A bird looking at me.

But a bird’s got eyes. It can look at whatever it wants. It’s a free country.

But a bird shouldn’t look at me with intent. What was it that lawyer guy said on that television show? Malice and forethought? The look was that intense.

I must be imagining it, she thought. That’s all.

She was about to turn away, dismiss the crow from her mind, when she heard a shout. A stone sailed over her head and struck the branch. The crow flew up, crying.

“Get out of here!” her father yelled, reaching for another stone. “Go on, get!” He threw the other rock, and the crow dodged out of the way. It aimed for the sky and took off, cawing.

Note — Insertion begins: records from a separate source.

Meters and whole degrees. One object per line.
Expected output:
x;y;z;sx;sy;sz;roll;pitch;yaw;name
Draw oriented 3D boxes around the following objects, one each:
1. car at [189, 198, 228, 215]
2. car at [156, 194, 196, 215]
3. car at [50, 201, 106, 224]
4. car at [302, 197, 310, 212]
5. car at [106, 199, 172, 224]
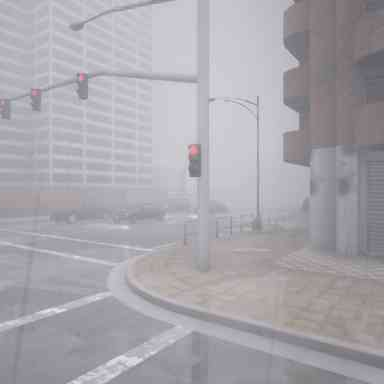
1.984;1.564;33.604;1.994;1.385;4.181;0;0;36;car
-1.996;1.352;34.047;2.097;1.767;4.553;0;0;35;car
-8.223;1.478;25.253;1.882;1.535;5.008;0;0;35;car
14.413;1.352;38.755;2.097;1.767;4.553;0;0;35;car
-3.922;1.526;25.242;1.812;1.442;4.674;0;0;35;car

“Dad!” shouted Aurora when she got her voice back. “Dad, what are you doing?” Then she looked at her father, and her voice changed. “Dad, what’s wrong?”

He was standing half crouched, feet planted, stalwart as a tank, casting his gaze up and down the stony beach. His hands had bent into claws.

Aurora backed away. “Dad?”

He looked up at her, and then stood up sharply. He plastered a smile on his face. “Let’s go home, honey.” Aurora stood her ground. “Dad? What’s wrong?”

He stepped towards her, walking carefully over the slippery stones while keeping one eye on the clouds. “Nothing’s wrong, honey. It’s late and it’s getting cold. It’s time to go home.”

Aurora was about to protest when she heard cawing above, and looked up. There was a dotted line of black specks running along the grey sky. Birds. Crows. Flying in a steady stream, calling out to one another as they migrated east.


Her father swallowed, and reached out to her. “C’mon, honey. Don’t argue. Let’s go home.”

She hesitated, but then he snatched her hand and pulled. He was almost rough.

“Dad,” she said, stumbling alongside him to the car. “Seriously, Dad, what’s wrong?”

“Nothing’s wrong, honey,” he said, looking at the sky. “Your mom will be getting worried.”

Only when you tell her what’s worrying you, she thought.

He let go of her hand as they reached the car and opened the side door for her. As she bent to slide inside, she heard a caw and looked up.

The crow was watching her from the branch again.

She got in and slammed the door after her.